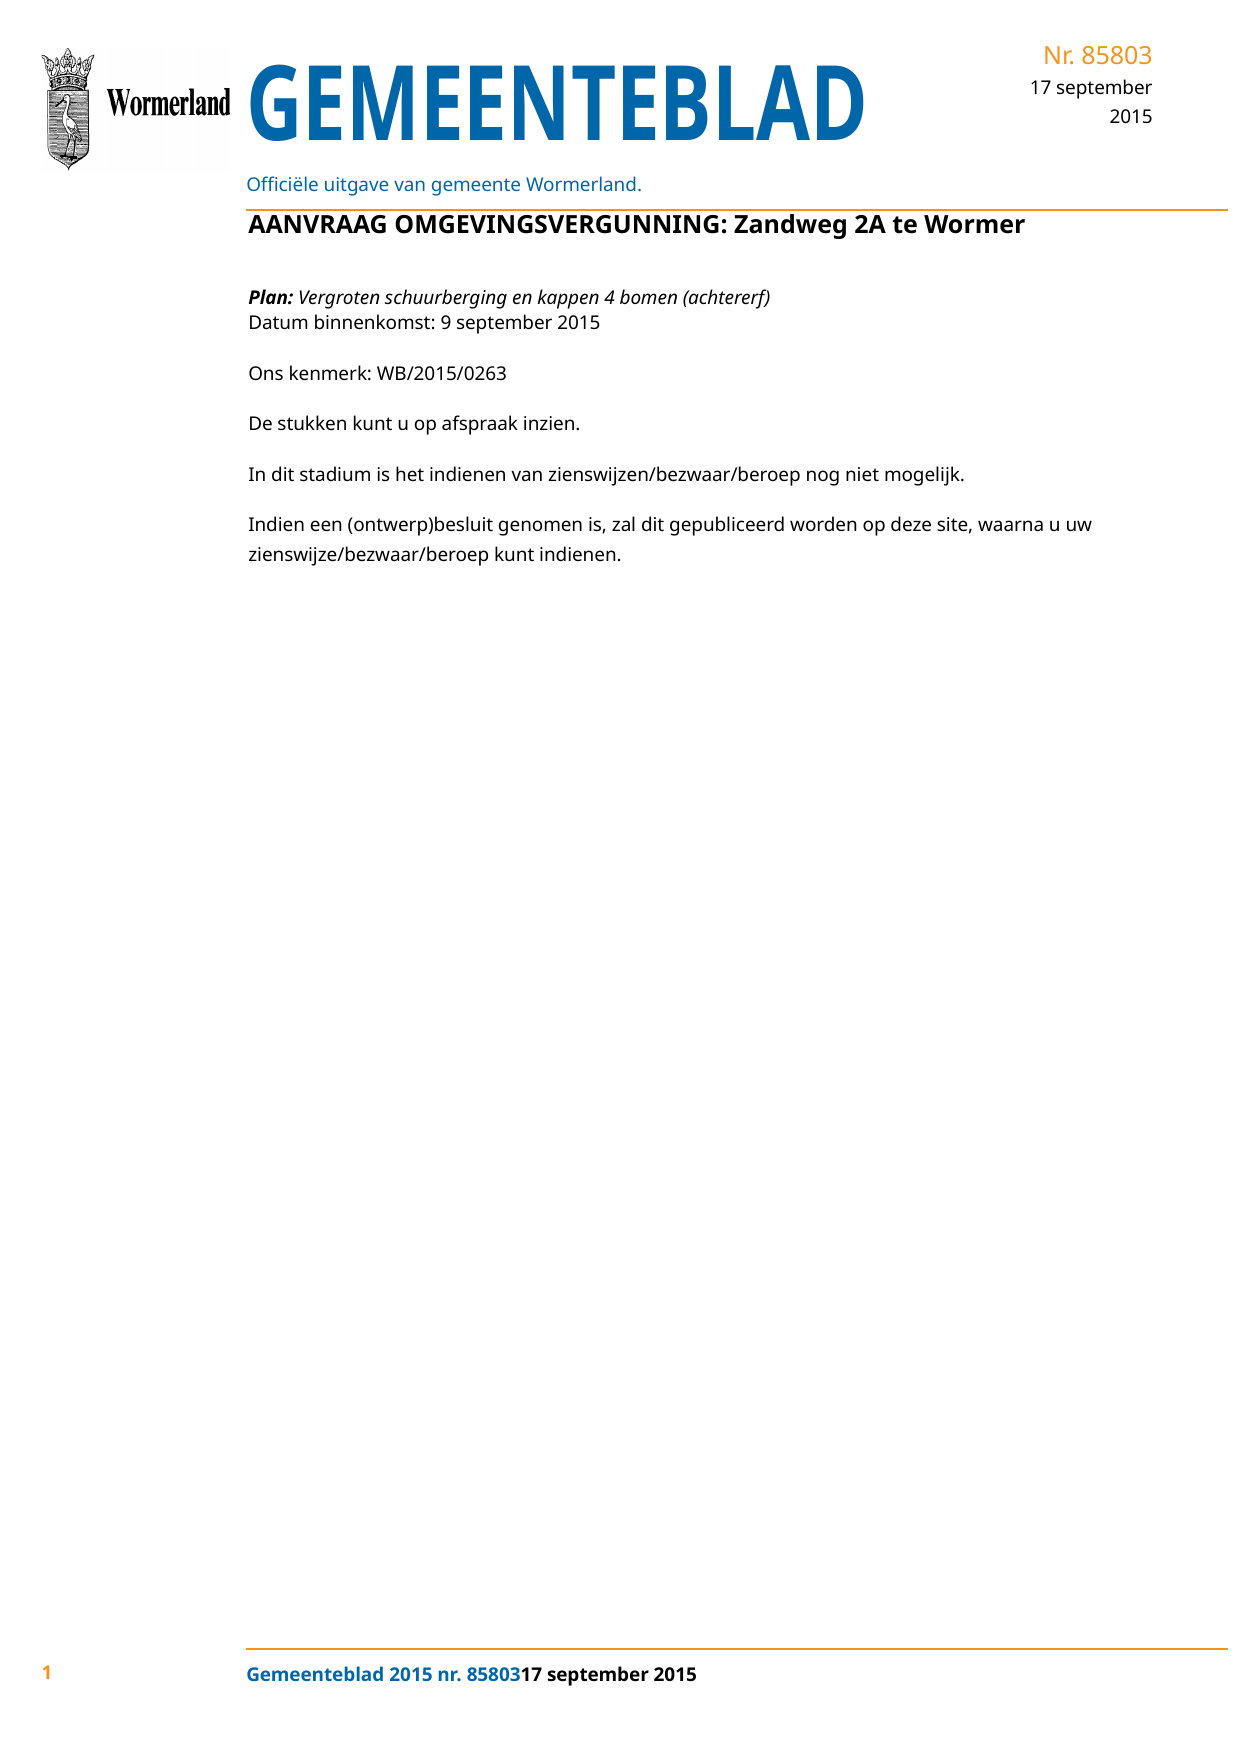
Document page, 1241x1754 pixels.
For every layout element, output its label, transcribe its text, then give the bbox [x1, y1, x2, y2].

text Ons kenmerk: WB/2015/0263 [248, 360, 1152, 386]
text Plan: Vergroten schuurberging en kappen 4 bomen (achtererf) [248, 284, 1152, 309]
text AANVRAAG OMGEVINGSVERGUNNING: Zandweg 2A te Wormer [248, 211, 1152, 241]
picture [41, 47, 231, 172]
text De stukken kunt u op afspraak inzien. [248, 410, 1152, 436]
text Indien een (ontwerp)besluit genomen is, zal dit gepubliceerd worden op deze site, waarna u uw zienswijze/bezwaar/beroep kunt indienen. [248, 511, 1152, 567]
text Datum binnenkomst: 9 september 2015 [248, 309, 1152, 335]
text In dit stadium is het indienen van zienswijzen/bezwaar/beroep nog niet mogelijk. [248, 461, 1152, 487]
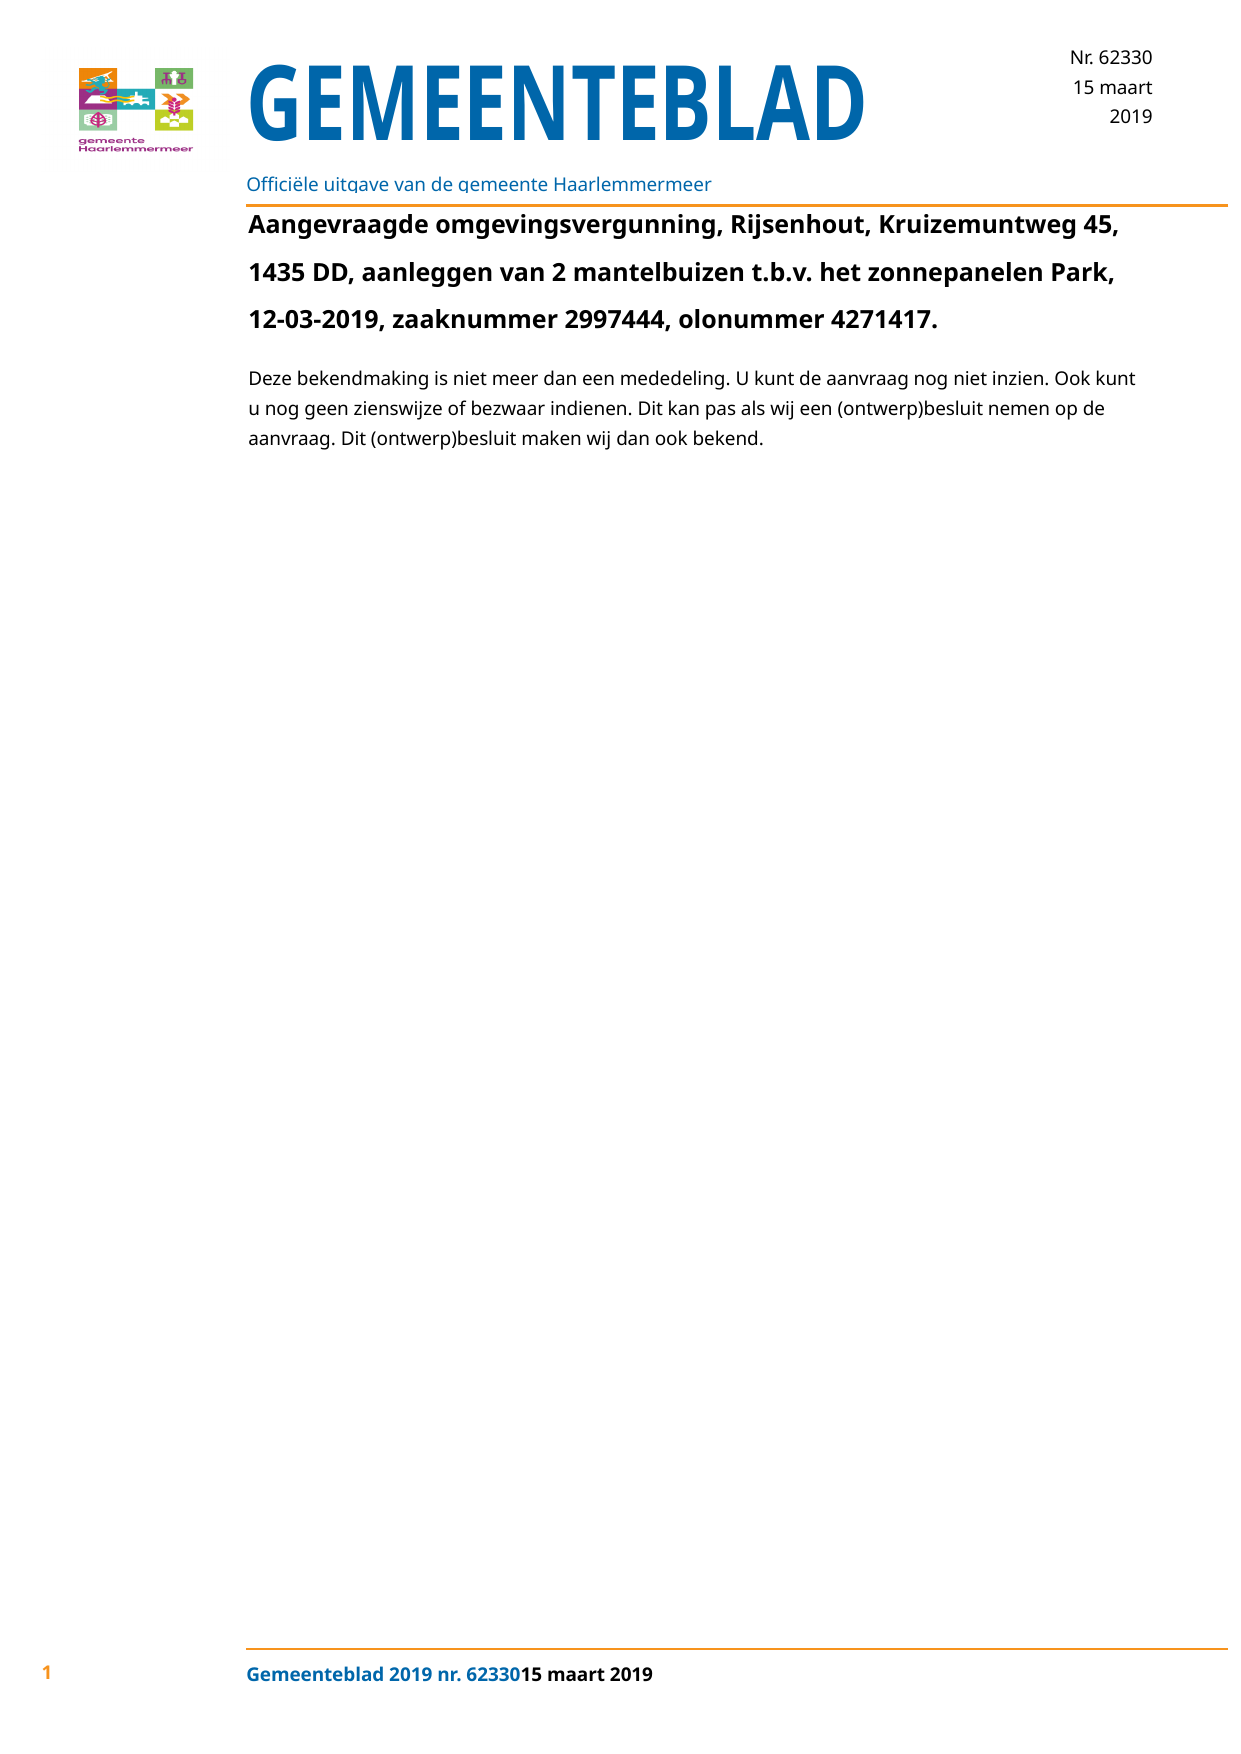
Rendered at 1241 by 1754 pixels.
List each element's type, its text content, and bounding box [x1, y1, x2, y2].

text Deze bekendmaking is niet meer dan een mededeling. U kunt de aanvraag nog niet inzien. Ook kunt u nog geen zienswijze of bezwaar indienen. Dit kan pas als wij een (ontwerp)besluit nemen op de aanvraag. Dit (ontwerp)besluit maken wij dan ook bekend. [248, 366, 1152, 450]
picture [41, 47, 231, 172]
text Aangevraagde omgevingsvergunning, Rijsenhout, Kruizemuntweg 45, 1435 DD, aanleggen van 2 mantelbuizen t.b.v. het zonnepanelen Park, 12-03-2019, zaaknummer 2997444, olonummer 4271417. [248, 207, 1152, 336]
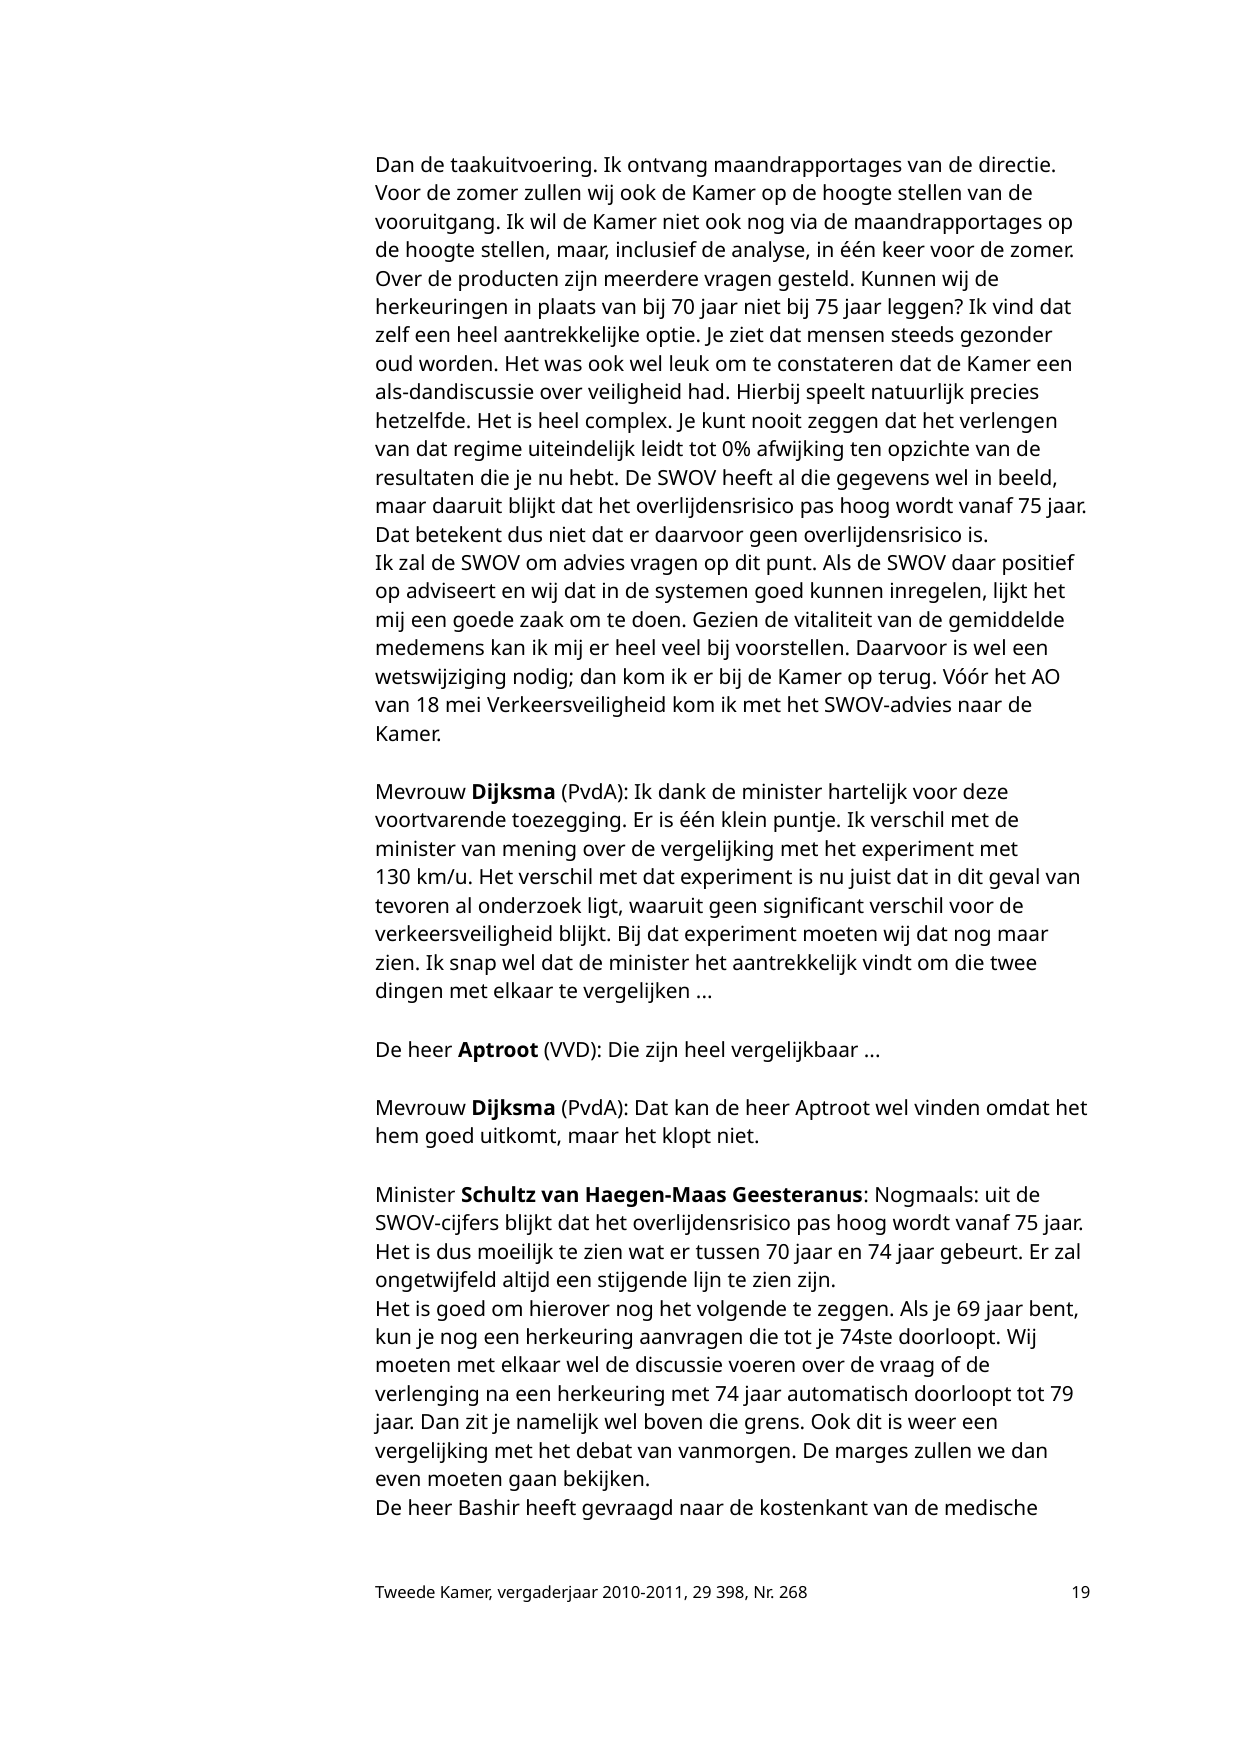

= PROMPT =
Each entry above should come back word for word, and no picture should come with it.

= ANSWER SECTION =
Document page, 1241x1754 pixels.
For every layout element, output its label, transcribe its text, then give the bbox [x1, y1, x2, y2].

text Ons kenmerk: WB/2015/0263 [248, 360, 1152, 386]
text Plan: Vergroten schuurberging en kappen 4 bomen (achtererf) [248, 284, 1152, 309]
text AANVRAAG OMGEVINGSVERGUNNING: Zandweg 2A te Wormer [248, 211, 1152, 241]
picture [41, 47, 231, 172]
text De stukken kunt u op afspraak inzien. [248, 410, 1152, 436]
text Indien een (ontwerp)besluit genomen is, zal dit gepubliceerd worden op deze site, waarna u uw zienswijze/bezwaar/beroep kunt indienen. [248, 511, 1152, 567]
text Datum binnenkomst: 9 september 2015 [248, 309, 1152, 335]
text In dit stadium is het indienen van zienswijzen/bezwaar/beroep nog niet mogelijk. [248, 461, 1152, 487]
Rendered at 1241 by 1754 pixels.
List each element's type, its text content, and bounding box [x1, y1, x2, y2].

text Deze bekendmaking is niet meer dan een mededeling. U kunt de aanvraag nog niet inzien. Ook kunt u nog geen zienswijze of bezwaar indienen. Dit kan pas als wij een (ontwerp)besluit nemen op de aanvraag. Dit (ontwerp)besluit maken wij dan ook bekend. [248, 366, 1152, 450]
picture [41, 47, 231, 172]
text Aangevraagde omgevingsvergunning, Rijsenhout, Kruizemuntweg 45, 1435 DD, aanleggen van 2 mantelbuizen t.b.v. het zonnepanelen Park, 12-03-2019, zaaknummer 2997444, olonummer 4271417. [248, 207, 1152, 336]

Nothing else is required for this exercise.